PROBLEM STATEMENT
Your reply should reproduce all the data below exactly while excluding the pictures.

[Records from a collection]
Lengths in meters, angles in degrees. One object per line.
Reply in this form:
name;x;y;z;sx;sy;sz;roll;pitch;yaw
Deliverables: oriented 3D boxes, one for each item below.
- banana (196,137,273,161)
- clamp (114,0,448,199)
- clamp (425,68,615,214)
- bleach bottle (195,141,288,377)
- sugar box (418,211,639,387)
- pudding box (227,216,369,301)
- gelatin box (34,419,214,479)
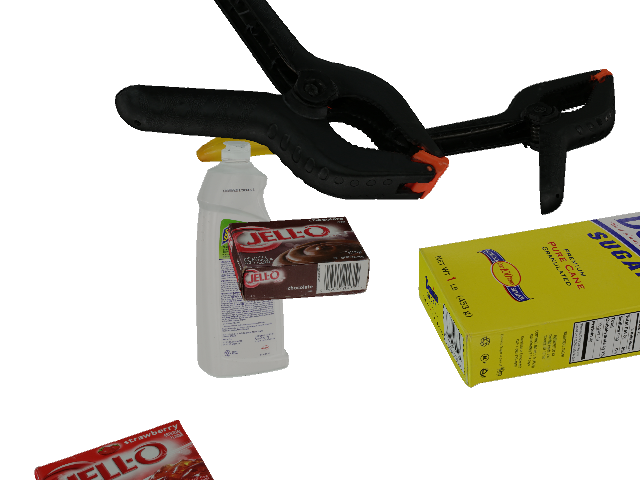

EXERCISE RESULT
Lengths in meters, angles in degrees. One object per line.
Reply in this form:
name;x;y;z;sx;sy;sz;roll;pitch;yaw
Deliverables: oriented 3D boxes, one for each item below.
- banana (196,137,273,161)
- clamp (114,0,448,199)
- clamp (425,68,615,214)
- bleach bottle (195,141,288,377)
- sugar box (418,211,639,387)
- pudding box (227,216,369,301)
- gelatin box (34,419,214,479)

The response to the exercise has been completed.